Eruptions and the Narrow Path to Healing



In light of the news of  some predatory priests and bishops in the Catholic church, I can not in good conscience speak about it without looking at myself first, the path I have lead, and the means to which God brought me to His abyss of Mercy. As I reflect back on the years, and the hurt not only of myself but of everyone around me, I know without doubt that God can and will heal us. I expect however, no less from abusive clerics than has been expected of me. At least, that's what I pray for.

Each day more accusations, more testimony about who knows or knew what evil has been going on for the last 70 years surfaces. It makes my stomach churn, makes me feel physically ill as I see and know the fear that each offender realizes; the fear that keeps them from speaking the truth and bringing the dark things into the light. I know what I speak of because I have been there myself; living in fear of my sins being exposed. 

So many, many years ago I lived my life in sexual sin, living an unchaste life. As a result, I allowed myself to be pushed into having two abortions. Two children who through no fault of their own had their lives snuffed out. Why? To hide the sinful life I was living. Sickened with myself, I ran to a relationship and marriage that I thought would save me, give me some sort of respect. It too, was a disaster. 

Counselling (if you could call it that) with a very abusive, unlicensed counselor led to an eruption in my family that took decades to heal. You see, he and my husband (at that time), thought it best to tell my family all about my abortions. It devastated me. I, myself, never had the chance to tell them on my own, in my own time. But you know what? God can ,will and does use every devastating event, every eruption to His honor and glory.

 In time, I've come to thank Him for it all. Everything kept in the dark needs to come to the light. I could not be converted if I had kept my dark secrets. I would never have been led to pray not only for my healing but for the lives of everyone effected by my grave sins. I wouldn't have been brought to a place where I could pray from the depths of my heart for all who led me down that dark path and to truly forgive them. 

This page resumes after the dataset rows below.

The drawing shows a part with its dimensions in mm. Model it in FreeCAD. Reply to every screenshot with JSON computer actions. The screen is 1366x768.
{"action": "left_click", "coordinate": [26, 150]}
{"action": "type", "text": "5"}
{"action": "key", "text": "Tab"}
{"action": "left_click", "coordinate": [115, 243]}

Without a life of penance and prayer, there is no healing. I know that to the core. This is my prayer for the Church. Wouldn't it be great if everyone who has ever hurt one of God's children, one of His sheep, if they publicly confessed? How wonderful it would be if they humbly came forward and confessed what they did or didn't do; what they knew and didn't act on? Maybe that's asking too much of those who live in the fear of their grave sins. Maybe they are still too addicted to the path they have taken and truth needs to be forced into the light.

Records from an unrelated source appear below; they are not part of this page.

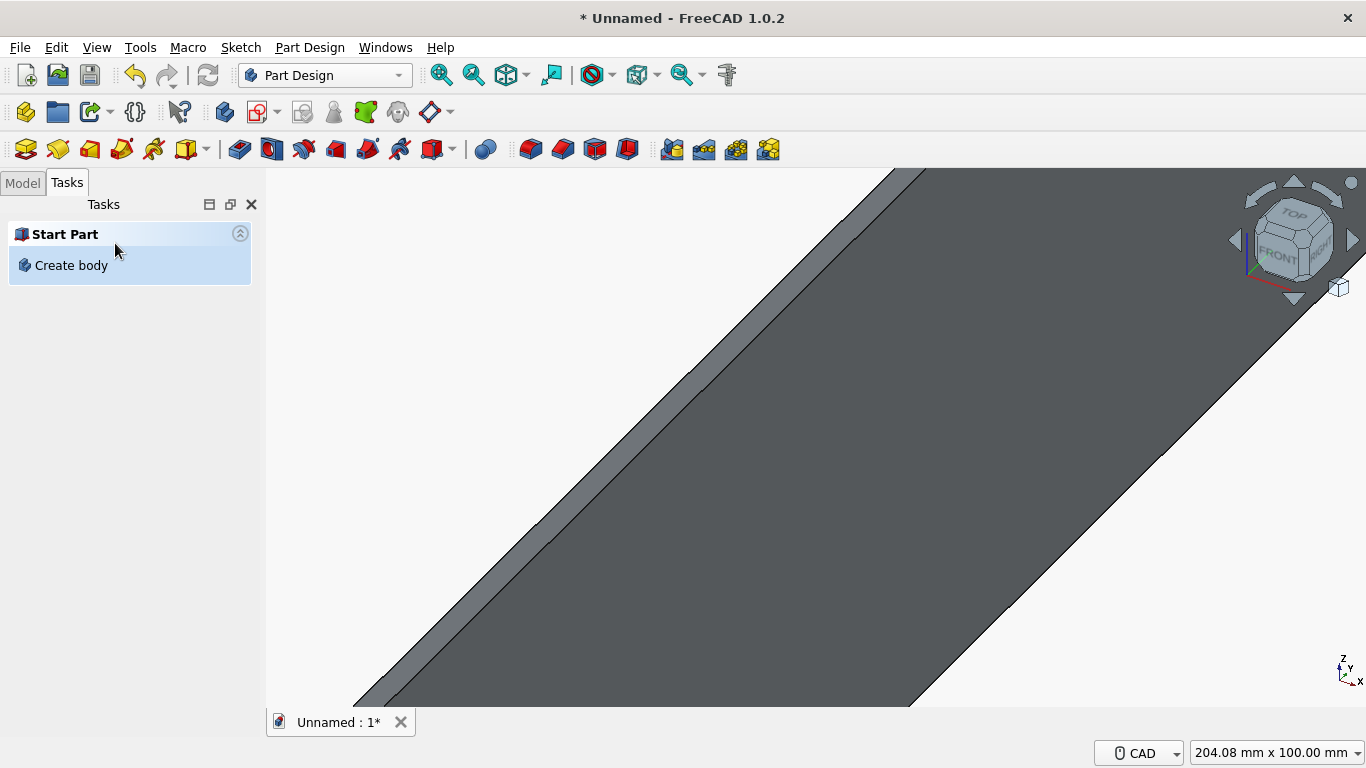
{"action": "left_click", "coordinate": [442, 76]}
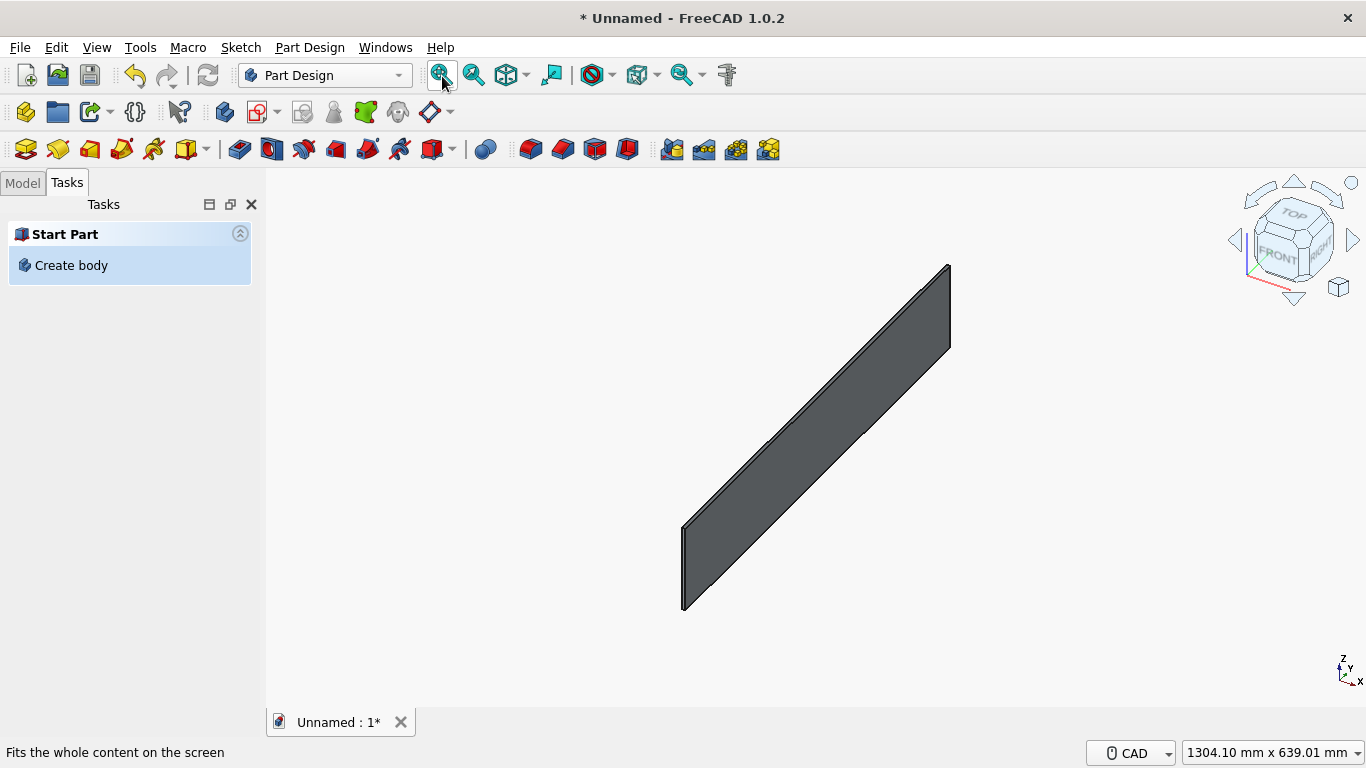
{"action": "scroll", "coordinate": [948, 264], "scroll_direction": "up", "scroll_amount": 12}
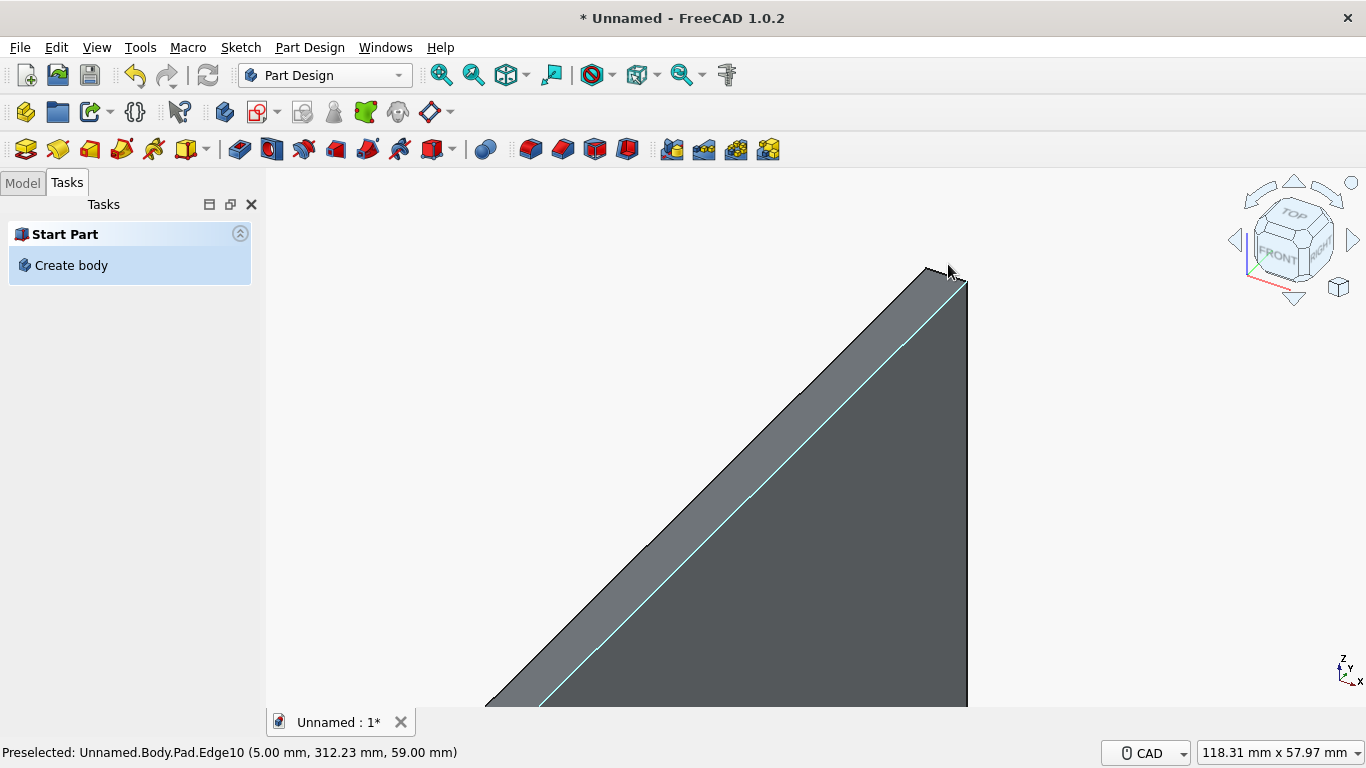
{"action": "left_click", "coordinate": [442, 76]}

As for me, I know that my path would never have changed course, nor would I have been converted had it not been for those sins being exposed for the ugliness of what they were. Because of this, it really doesn't matter to me how this infectious disease comes to the surface or by whom, as long as it does. For those guilty shepherds, those wolves in sheep's clothing, there is hope. But the only way is to acknowledge the sickness they are guilty of and repent. God will heal everything, even this grave moral evil, but only if it is brought to the light. I pray they will confess on their own. If not, I pray they confess when others bring their sickness to light. 

Eruptions are opening up every day. It's only devastating if they are denied or ignored. These eruptions can be a blessing. Let the infection out. Confess the sins, grave as they are. Shepherds that are guilty can be converted. They can live their lives out in seclusion, penance, and prayer for themselves and everyone they have hurt. Make no mistake, I do not excuse anything these guilty men have done, just as I don't excuse my own grave sins. It just needs to be said that it is not too late for their souls. It wasn't too late for mine. 

So, as we pray for all the victims, let us not forget to pray for the persecutors, and may the Good Lord forgive US our sins, as we learn to forgive those who sin against us.